[Records from a data collection]
>>>
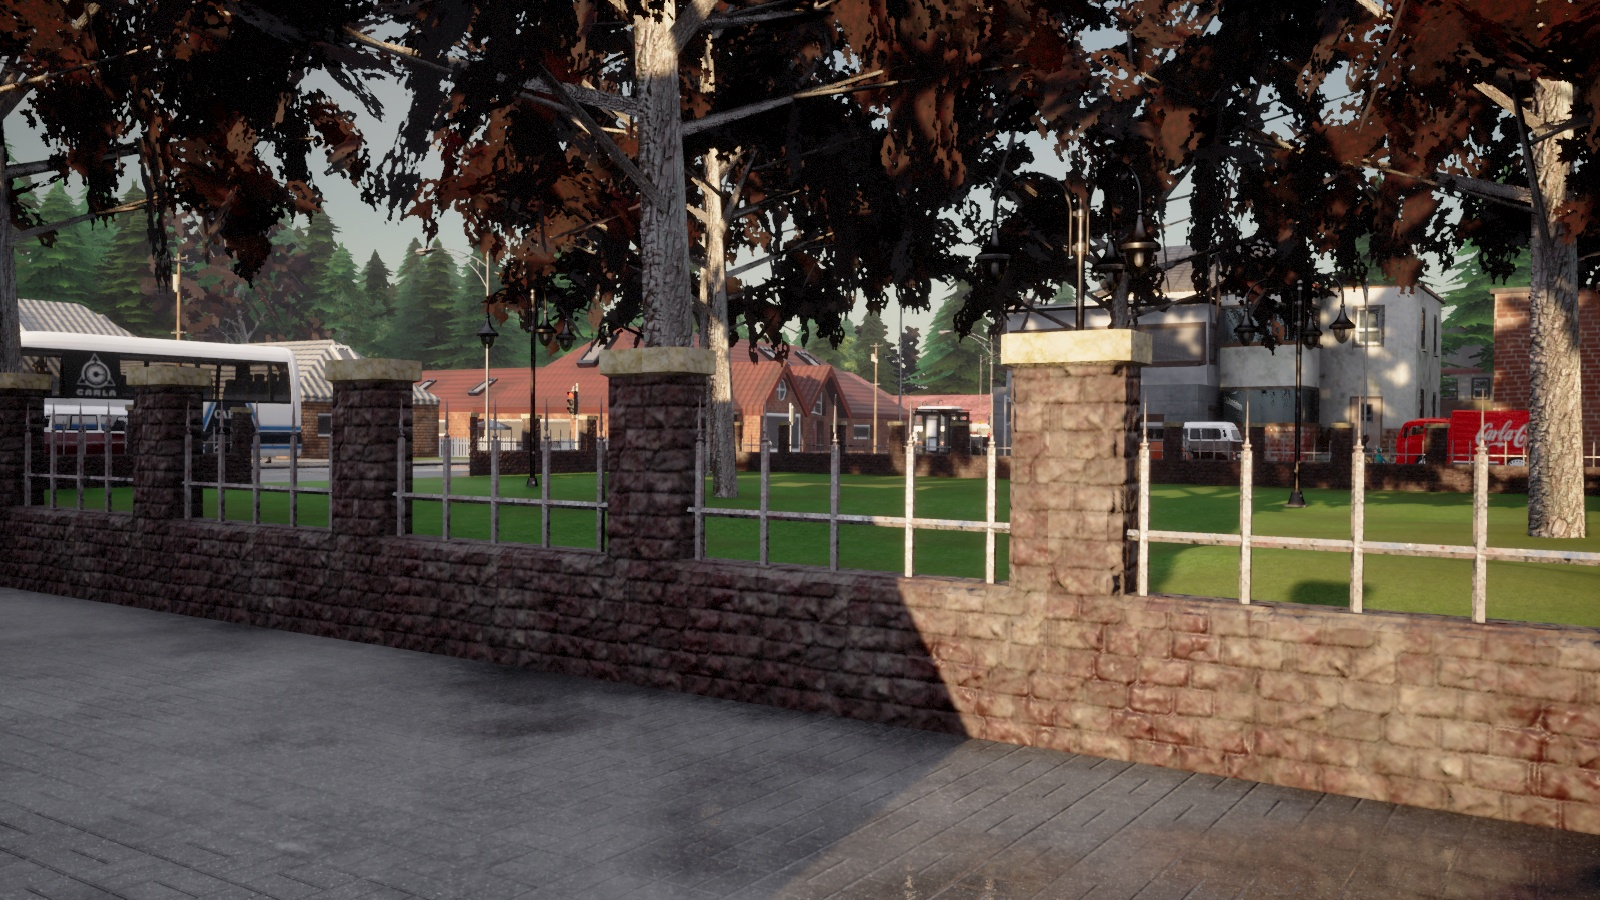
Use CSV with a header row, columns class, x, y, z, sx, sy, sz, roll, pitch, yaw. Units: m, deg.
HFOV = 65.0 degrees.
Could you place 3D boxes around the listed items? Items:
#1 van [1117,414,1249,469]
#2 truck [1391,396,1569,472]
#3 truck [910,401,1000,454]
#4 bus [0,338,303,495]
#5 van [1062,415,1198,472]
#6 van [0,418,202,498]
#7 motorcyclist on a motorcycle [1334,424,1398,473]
<<<
The answer must be an exact copy of the lines from the start of the records above through the line containing "#5 van [1062,415,1198,472]", with no pictures in it.

__Response to the exercise__:
Use CSV with a header row, columns class, x, y, z, sx, sy, sz, roll, pitch, yaw. Units: m, deg.
HFOV = 65.0 degrees.
Could you place 3D boxes around the listed items? Items:
#1 van [1117,414,1249,469]
#2 truck [1391,396,1569,472]
#3 truck [910,401,1000,454]
#4 bus [0,338,303,495]
#5 van [1062,415,1198,472]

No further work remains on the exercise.